I think I've only met one person in my entire life who said that owning a minivan was a life goal. If you start a conversation with a person who owns a minivan, it is bound to start something like, "Oh, I NEVER wanted to own a van. We were only going to drive an SUV," and the conversation will end with a story about  price, utility, convenience, and ultimately selling out to minivan practicality.

And I get it now because I'm there! I signed the contract! I'm living the dream! We tried the SUV, and loading kids was a nightmare. Plus, there was no room for stuff on road trips. Now we take road trips. It was like we bought the van and immediately we were like, "Let's go on a road trip with our 4 kids and your parents!" And guess what? It was sweet! The minivan was everything we had hoped it wouldn't be. It was comfortable, practical, and awesome.

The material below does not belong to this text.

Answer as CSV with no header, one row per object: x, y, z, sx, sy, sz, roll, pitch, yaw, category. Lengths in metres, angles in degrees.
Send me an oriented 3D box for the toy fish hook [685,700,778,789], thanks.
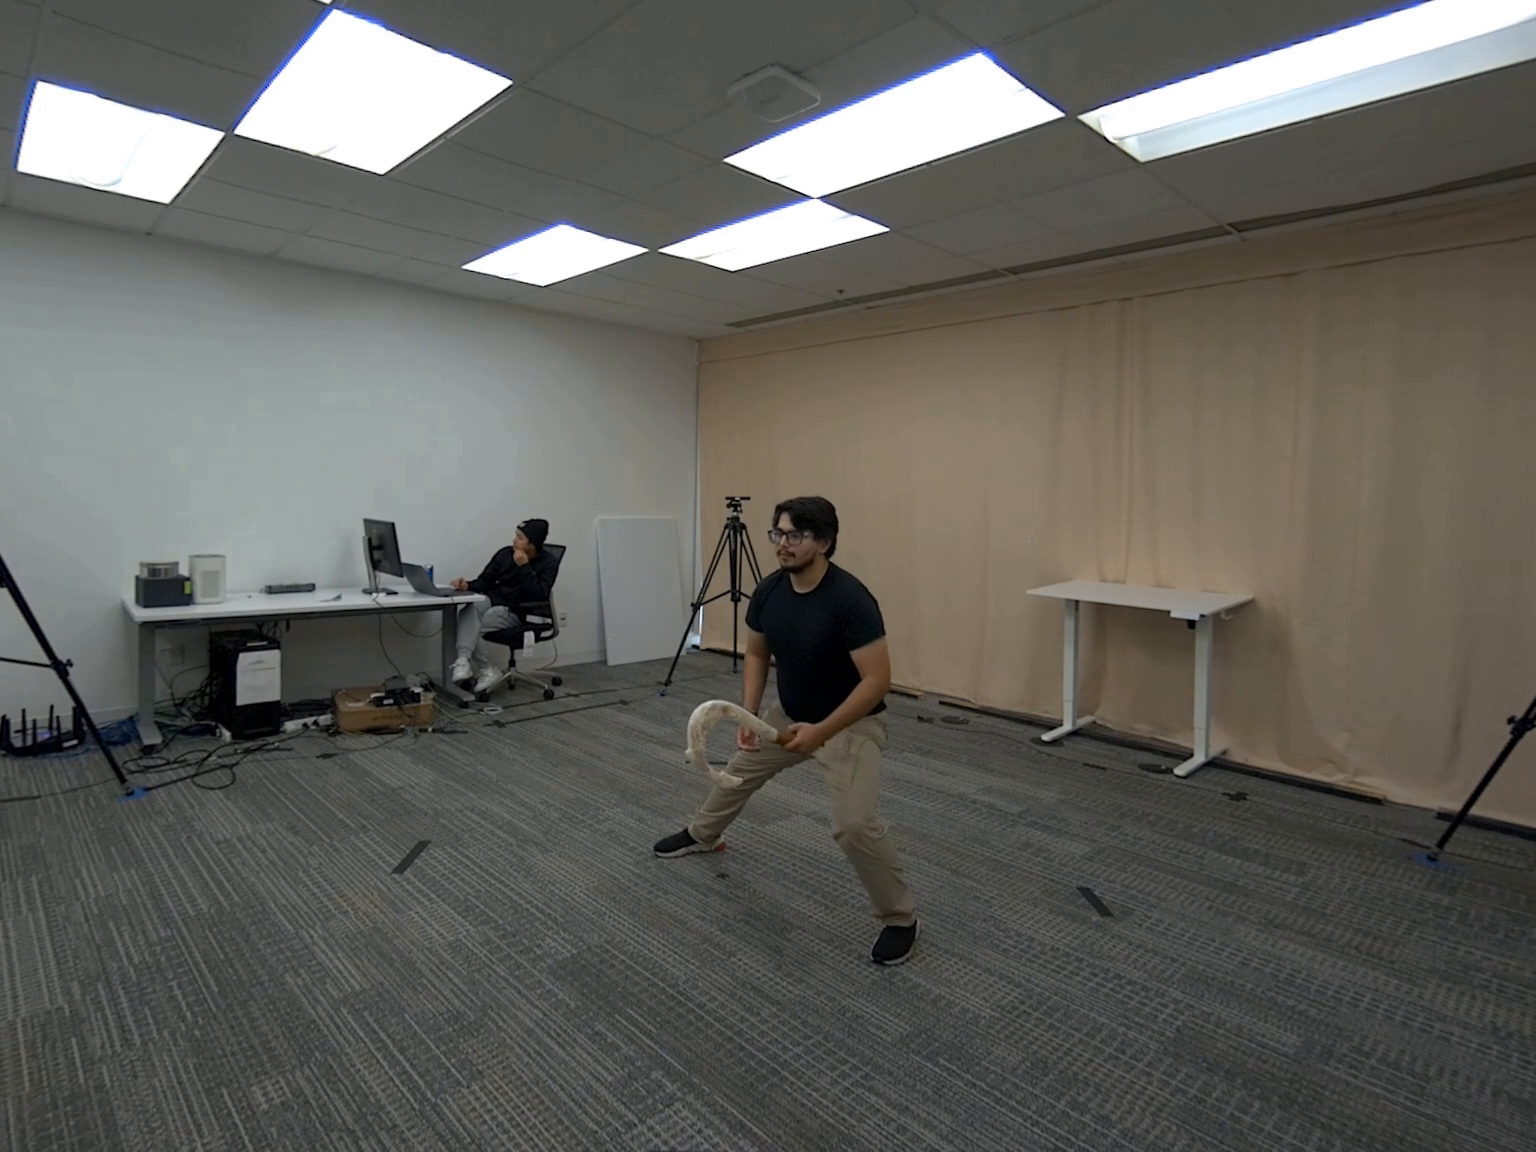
-0.029,0.501,2.382,0.493,0.227,0.049,19,-19,-35,toy fish hook

So, I'm sorry I judged you and your minivan not so long ago because now I realize you didn't buy it because you thought minivans were sexy. You bought it because your husband thought you  were sexy a couple of times and now you have this group of little people to transport. And, if you're like me, the Suburban was just way out of your price range, and it probably wouldn't fit in the garage. (Though secretly I am hoping to graduate to one someday.) So you bought the van, and you will drive it, for the rest of eternity. And that's totally fine. It is time I owned it.

I'd also like to say that I get why your kid is wearing that costume...at the grocery store...in July.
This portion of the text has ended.